(What is required)
Return, from the data that follows, each line that holds the word "logger".

(Records to process)
════
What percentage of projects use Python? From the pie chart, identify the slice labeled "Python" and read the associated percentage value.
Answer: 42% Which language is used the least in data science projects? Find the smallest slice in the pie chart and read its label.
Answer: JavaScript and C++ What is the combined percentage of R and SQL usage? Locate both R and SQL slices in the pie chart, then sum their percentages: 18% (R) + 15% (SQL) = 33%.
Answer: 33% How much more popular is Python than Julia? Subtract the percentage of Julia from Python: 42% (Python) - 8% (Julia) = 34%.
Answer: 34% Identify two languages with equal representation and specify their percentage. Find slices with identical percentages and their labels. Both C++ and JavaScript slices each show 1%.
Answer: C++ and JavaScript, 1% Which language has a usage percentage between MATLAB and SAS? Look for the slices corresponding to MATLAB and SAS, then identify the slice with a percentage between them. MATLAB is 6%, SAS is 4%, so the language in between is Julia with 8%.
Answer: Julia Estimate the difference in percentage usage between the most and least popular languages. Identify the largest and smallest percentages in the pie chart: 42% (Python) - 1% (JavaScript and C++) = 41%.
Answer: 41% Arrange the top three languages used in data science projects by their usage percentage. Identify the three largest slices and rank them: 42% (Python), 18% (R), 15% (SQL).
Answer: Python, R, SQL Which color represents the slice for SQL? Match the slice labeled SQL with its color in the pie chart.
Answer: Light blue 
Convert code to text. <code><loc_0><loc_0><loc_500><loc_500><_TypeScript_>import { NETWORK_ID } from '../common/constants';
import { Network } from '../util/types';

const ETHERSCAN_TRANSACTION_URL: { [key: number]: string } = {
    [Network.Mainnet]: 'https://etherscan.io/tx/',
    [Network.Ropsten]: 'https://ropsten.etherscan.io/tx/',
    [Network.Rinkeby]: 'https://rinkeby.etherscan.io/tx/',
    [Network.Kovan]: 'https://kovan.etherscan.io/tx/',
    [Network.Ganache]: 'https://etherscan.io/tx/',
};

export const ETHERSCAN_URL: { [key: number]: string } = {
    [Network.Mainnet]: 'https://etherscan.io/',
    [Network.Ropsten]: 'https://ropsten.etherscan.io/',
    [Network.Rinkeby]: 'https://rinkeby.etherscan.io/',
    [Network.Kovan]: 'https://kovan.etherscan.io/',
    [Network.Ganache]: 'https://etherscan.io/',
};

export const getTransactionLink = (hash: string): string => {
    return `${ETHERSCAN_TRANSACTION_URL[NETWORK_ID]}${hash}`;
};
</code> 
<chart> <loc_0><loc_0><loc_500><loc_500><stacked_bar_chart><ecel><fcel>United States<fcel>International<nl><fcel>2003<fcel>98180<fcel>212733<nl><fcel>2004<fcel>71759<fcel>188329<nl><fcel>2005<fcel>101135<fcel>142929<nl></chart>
════
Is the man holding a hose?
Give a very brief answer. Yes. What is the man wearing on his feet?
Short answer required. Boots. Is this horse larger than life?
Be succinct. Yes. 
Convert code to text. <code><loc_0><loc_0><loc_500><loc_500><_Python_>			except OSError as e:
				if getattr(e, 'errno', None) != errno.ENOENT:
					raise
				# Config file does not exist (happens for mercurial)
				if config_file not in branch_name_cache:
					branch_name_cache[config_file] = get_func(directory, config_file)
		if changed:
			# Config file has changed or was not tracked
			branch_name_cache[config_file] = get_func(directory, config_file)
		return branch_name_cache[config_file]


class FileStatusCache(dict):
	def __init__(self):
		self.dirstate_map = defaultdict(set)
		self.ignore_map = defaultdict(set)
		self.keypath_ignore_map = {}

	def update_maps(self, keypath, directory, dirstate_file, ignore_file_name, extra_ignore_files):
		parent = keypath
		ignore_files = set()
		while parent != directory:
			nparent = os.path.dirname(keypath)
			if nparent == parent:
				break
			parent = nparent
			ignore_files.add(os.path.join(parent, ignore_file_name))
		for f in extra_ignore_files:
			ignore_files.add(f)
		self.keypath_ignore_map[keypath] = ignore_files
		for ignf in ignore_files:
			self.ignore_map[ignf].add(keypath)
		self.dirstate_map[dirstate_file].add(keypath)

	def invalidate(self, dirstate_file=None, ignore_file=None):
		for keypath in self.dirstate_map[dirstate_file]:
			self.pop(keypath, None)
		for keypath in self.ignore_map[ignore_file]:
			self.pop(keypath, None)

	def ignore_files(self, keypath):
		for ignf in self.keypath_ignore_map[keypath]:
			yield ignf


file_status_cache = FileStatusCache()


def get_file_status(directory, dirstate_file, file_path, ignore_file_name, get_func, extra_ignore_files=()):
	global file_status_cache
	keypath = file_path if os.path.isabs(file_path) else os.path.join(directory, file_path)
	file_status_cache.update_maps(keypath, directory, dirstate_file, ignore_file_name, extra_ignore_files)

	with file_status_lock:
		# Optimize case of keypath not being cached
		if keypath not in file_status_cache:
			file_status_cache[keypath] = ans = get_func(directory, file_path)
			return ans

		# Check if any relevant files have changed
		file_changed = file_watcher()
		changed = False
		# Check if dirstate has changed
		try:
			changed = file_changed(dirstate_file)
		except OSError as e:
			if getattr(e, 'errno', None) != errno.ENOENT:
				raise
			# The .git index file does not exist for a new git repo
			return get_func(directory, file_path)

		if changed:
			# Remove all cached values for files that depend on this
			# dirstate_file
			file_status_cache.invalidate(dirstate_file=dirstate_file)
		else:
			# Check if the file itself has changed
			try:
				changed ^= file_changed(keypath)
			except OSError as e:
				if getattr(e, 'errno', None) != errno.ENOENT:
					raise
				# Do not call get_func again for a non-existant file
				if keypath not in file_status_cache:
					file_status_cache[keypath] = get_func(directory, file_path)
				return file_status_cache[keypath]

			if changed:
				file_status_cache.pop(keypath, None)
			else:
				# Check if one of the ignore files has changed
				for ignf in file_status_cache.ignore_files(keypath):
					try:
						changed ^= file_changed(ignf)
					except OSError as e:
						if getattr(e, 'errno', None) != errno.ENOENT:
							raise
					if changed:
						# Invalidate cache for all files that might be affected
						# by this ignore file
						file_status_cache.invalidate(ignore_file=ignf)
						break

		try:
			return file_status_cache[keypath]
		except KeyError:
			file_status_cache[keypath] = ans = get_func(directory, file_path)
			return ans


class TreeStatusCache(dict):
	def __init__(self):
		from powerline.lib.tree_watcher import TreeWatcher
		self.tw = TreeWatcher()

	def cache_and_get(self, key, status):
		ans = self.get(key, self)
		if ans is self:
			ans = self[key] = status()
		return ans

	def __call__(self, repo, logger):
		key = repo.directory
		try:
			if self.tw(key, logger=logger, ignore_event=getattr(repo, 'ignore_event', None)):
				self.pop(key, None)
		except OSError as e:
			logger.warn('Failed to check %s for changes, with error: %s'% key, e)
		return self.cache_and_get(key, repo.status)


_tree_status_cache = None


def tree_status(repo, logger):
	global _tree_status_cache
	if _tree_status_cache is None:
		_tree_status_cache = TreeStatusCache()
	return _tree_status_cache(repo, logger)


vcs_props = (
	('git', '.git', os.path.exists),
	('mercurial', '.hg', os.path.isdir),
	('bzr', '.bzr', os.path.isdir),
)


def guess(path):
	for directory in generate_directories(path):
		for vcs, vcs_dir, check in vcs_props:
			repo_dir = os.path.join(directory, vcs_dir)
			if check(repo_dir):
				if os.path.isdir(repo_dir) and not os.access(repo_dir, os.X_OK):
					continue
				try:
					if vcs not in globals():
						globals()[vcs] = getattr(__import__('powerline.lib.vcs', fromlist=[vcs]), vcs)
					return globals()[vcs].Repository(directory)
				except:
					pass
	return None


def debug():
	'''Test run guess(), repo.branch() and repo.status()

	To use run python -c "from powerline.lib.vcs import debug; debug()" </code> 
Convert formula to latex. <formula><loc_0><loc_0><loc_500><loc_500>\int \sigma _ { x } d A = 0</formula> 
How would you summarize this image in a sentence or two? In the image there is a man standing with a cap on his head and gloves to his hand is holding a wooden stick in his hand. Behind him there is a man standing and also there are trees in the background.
════
(Answer area)
	def __call__(self, repo, logger):
			if self.tw(key, logger=logger, ignore_event=getattr(repo, 'ignore_event', None)):
			logger.warn('Failed to check %s for changes, with error: %s'% key, e)
def tree_status(repo, logger):
	return _tree_status_cache(repo, logger)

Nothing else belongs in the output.